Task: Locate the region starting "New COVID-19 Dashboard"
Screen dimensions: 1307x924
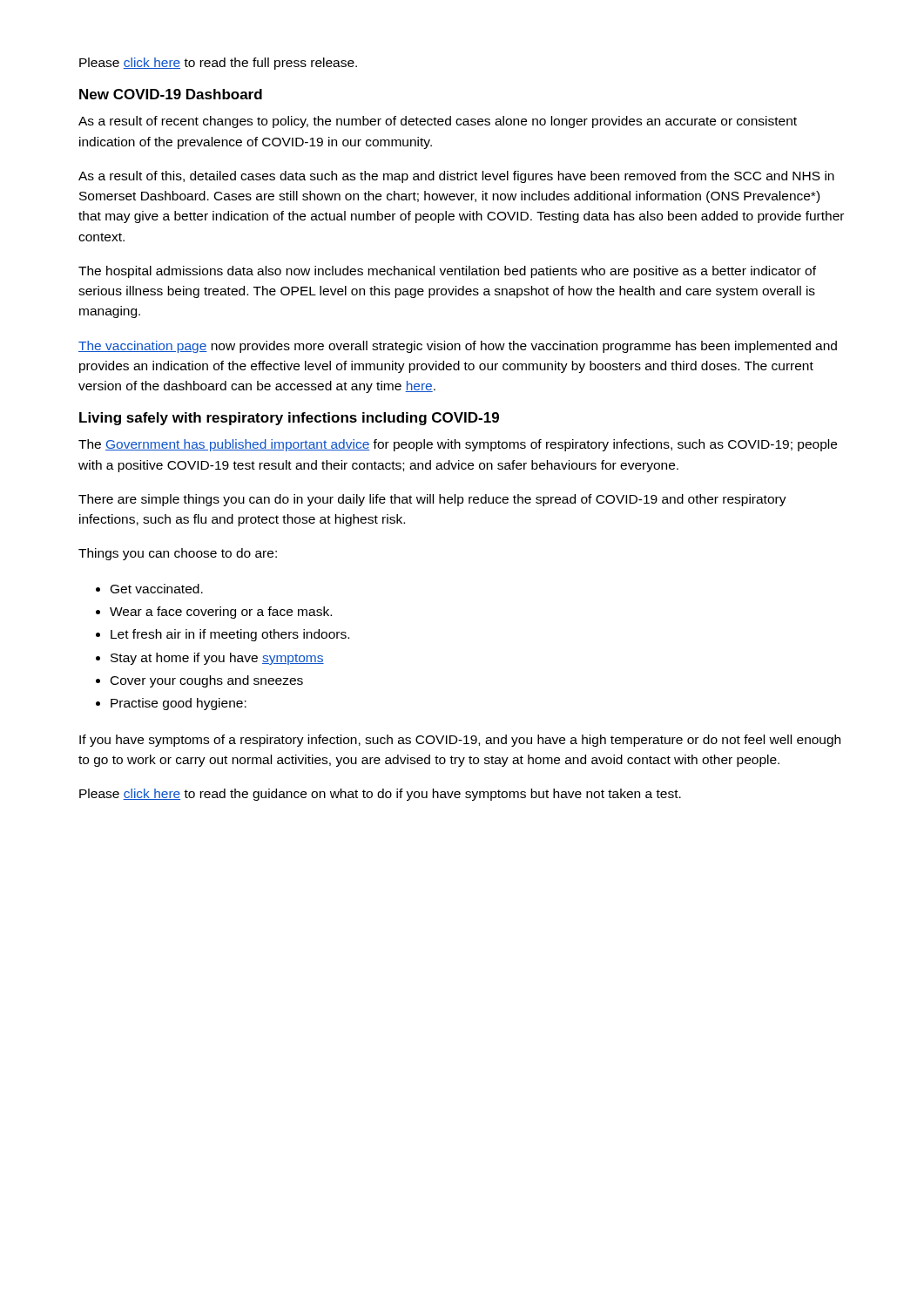Action: [x=171, y=95]
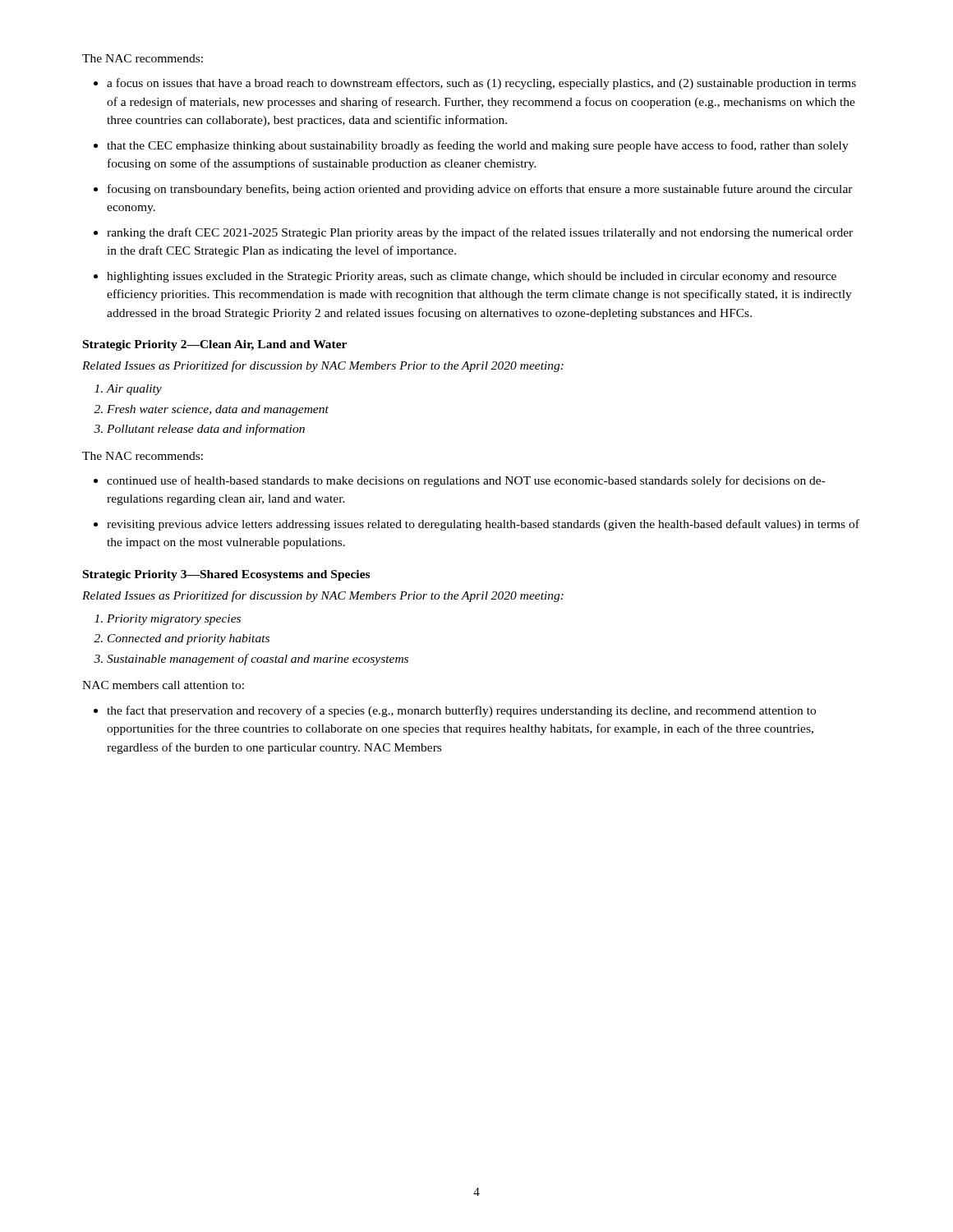Find the list item that reads "that the CEC emphasize thinking about sustainability broadly"

point(478,154)
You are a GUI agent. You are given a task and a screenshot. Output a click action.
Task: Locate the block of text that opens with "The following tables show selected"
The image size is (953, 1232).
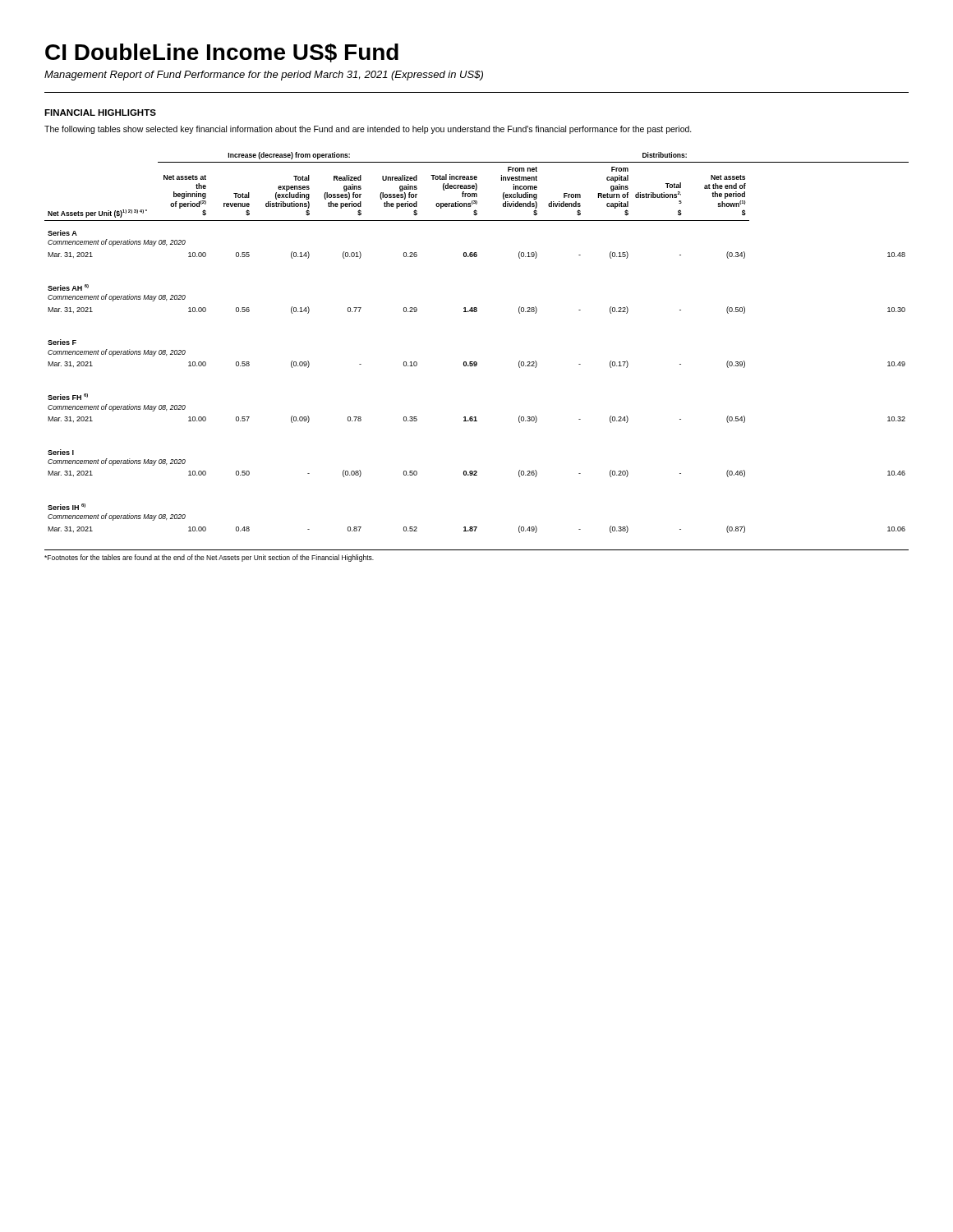point(368,129)

**EXERCISE BRIEF:** Starting with the first line of the data above, write out each line exactly up to and including the line that holds "You are a GUI". Pictures stay out.

**SOLUTION FOR THIS TASK:**
Task: Locate the region starting "New COVID-19 Dashboard"
Screen dimensions: 1307x924
Action: [x=171, y=95]
Find the list item that reads "that the CEC emphasize thinking about sustainability broadly"

point(478,154)
You are a GUI agent. You are given a task and a screenshot. Output a click action.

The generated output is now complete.